Les plus cyniques souligneront les avantages fiscaux liés aux donations, système mis en place par l’État pour encourager la générosité. À ceux-là, je mentionnerais que les trois plus grands donateurs pour la reconstruction de Notre-Dame de Paris, soit les familles Pinault, Arnault et Bettencourt ont annoncé qu’ils ne demanderaient aucune exonération fiscale.

Dans cette redéfinition de la philanthropie et face à ces initiatives privées pour le bien public, les multi family offices comme Blue Bridge ont un rôle d’envergure à jouer. Certes, leur premier rôle est d’offrir aux familles fortunées des services dans le prolongement de la gestion privée, mais ils y ajoutent un accompagnement plus global, personnalisé et fondamentalement humain. Ils jouent un rôle de coordinateur, tant dans la gestion de patrimoine, dans la préservation de l’harmonie familiale, que dans l’accomplissement de mission philanthropique.

Blue Bridge s’est donné comme mission de créer de la valeur pour ses clients afin d’avoir un impact positif sur leur famille et le monde dans lequel nous vivons. Pour ce faire, nous avons créé, il y a 10 ans, la Fondation Blue Bridge pour l’Enfance et avons aussi mis sur pied des formations pour la prochaine génération qui mettent de l’avant non pas seulement la gestion financière, mais aussi la responsabilité sociale et philanthropique.

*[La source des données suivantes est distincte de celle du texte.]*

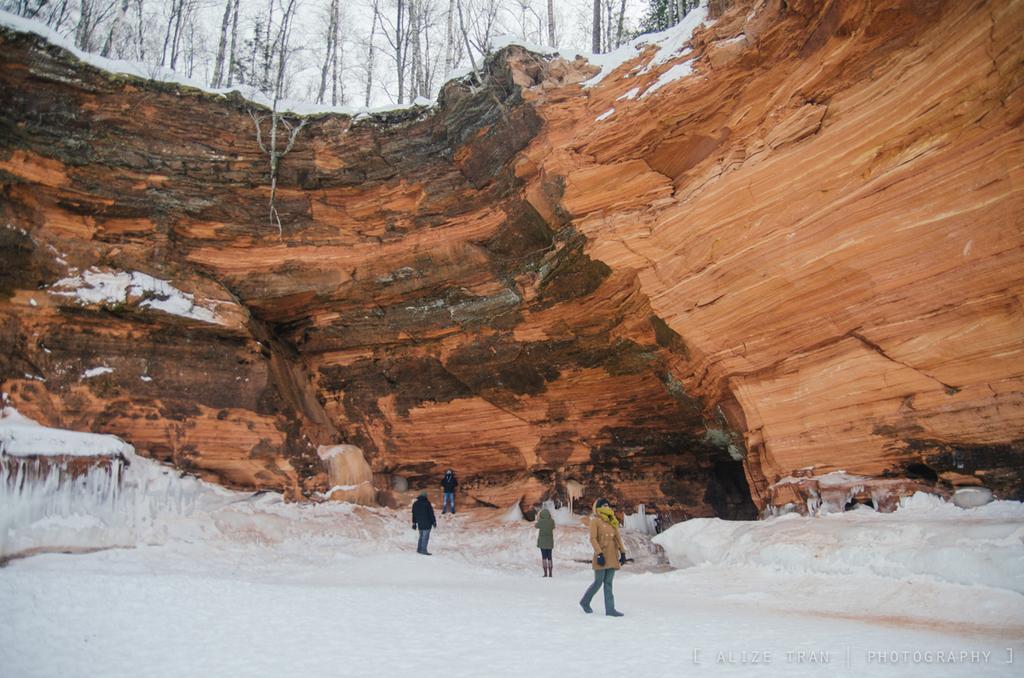Please provide a concise description of this image. In this image we can see a few people standing and walking on the surface of the snow behind them there is a big rock on top of the rock they are trees. 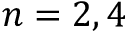<formula> <loc_0><loc_0><loc_500><loc_500>n = 2 , 4</formula> 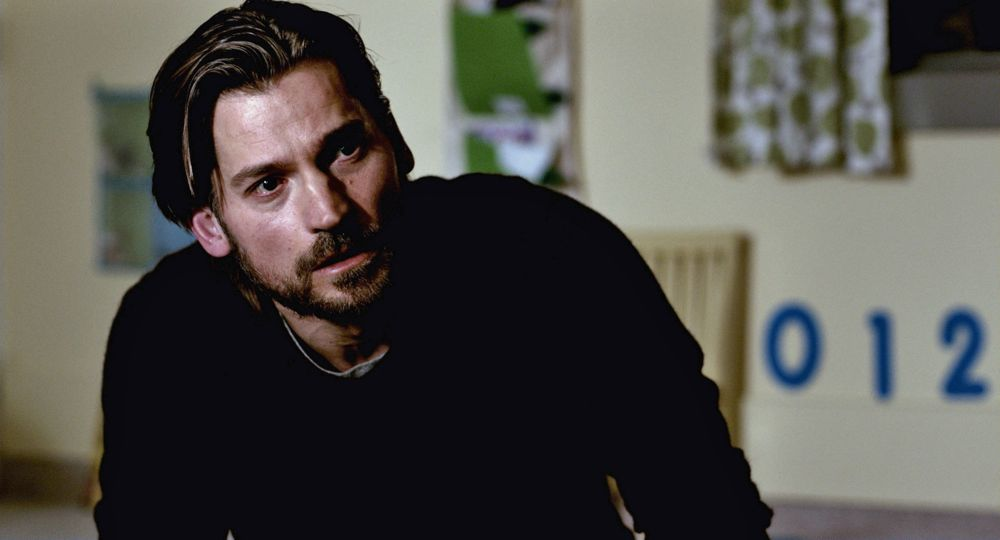Explain the visual content of the image in great detail. The image features a middle-aged man with a beard and medium-length hair. He is seated in a subdued environment, possibly an office or a home room, indicated by a simple, mostly bare green wall behind him. On the wall, a visible portion of a whiteboard with the number '012' can be seen. The man is wearing a dark sweater and appears to be in a reflective or thoughtful mood, staring slightly off-camera, which suggests that he is either lost in thought or engrossed in a serene moment. His expression is serious and contemplative. 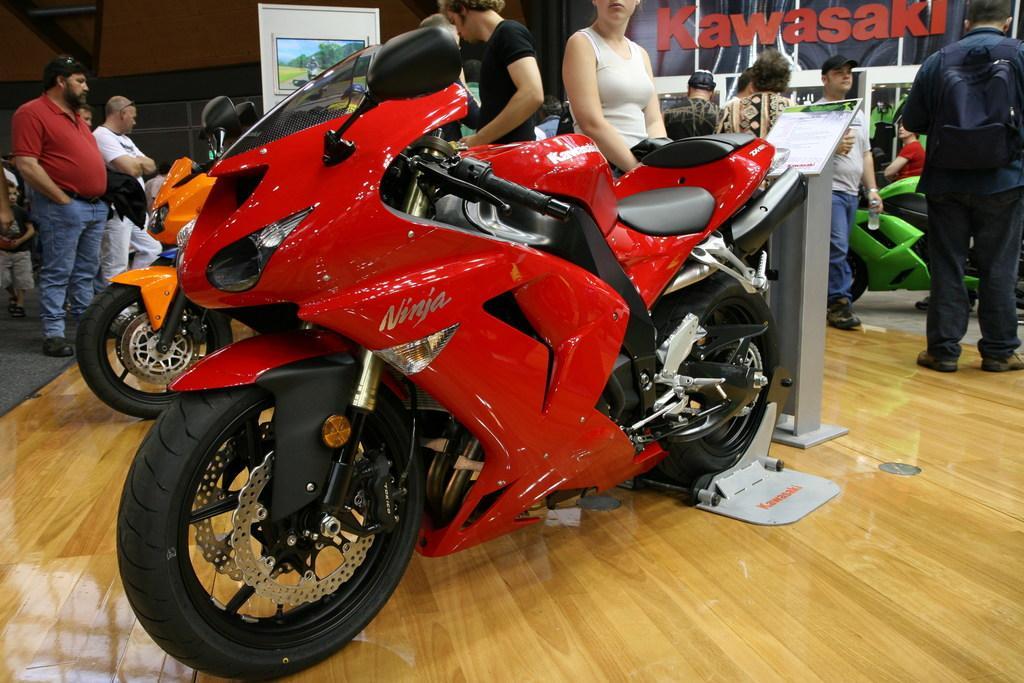Can you describe this image briefly? In this image we can see bikes on the floor. In the background, we can see people, wall and boards. 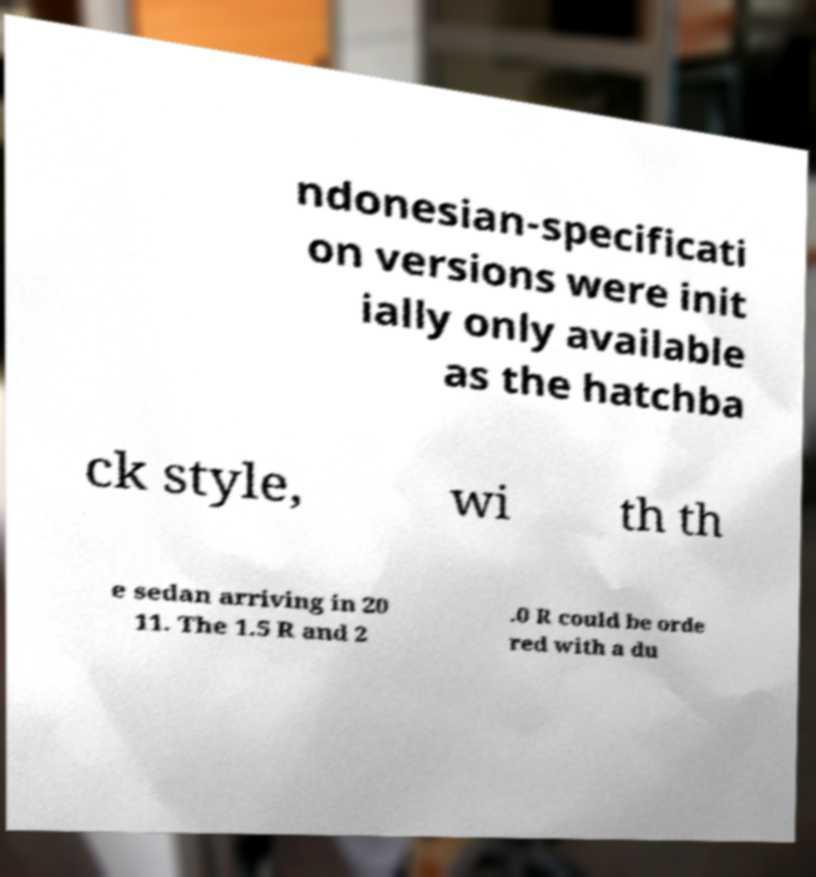Can you read and provide the text displayed in the image?This photo seems to have some interesting text. Can you extract and type it out for me? ndonesian-specificati on versions were init ially only available as the hatchba ck style, wi th th e sedan arriving in 20 11. The 1.5 R and 2 .0 R could be orde red with a du 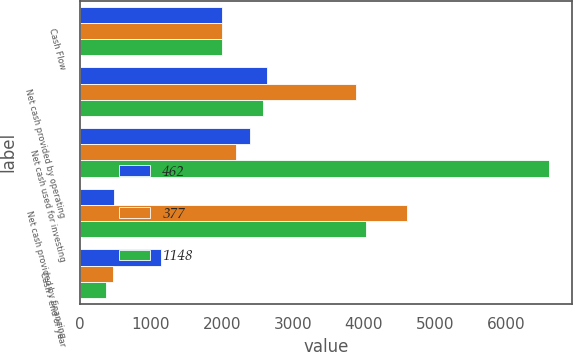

Cette nouvelle génération remodèle le secteur philanthropique. Elle est davantage axée sur l’inclusion et l’équité sociale et raciale, mais surtout elle se positionne à la tête d’organisations non gouvernementales qui veulent pouvoir mesurer leurs impacts réels sur leur environnement.

Pour le donateur, le petit comme le grand, c’est cet impact qui doit compter.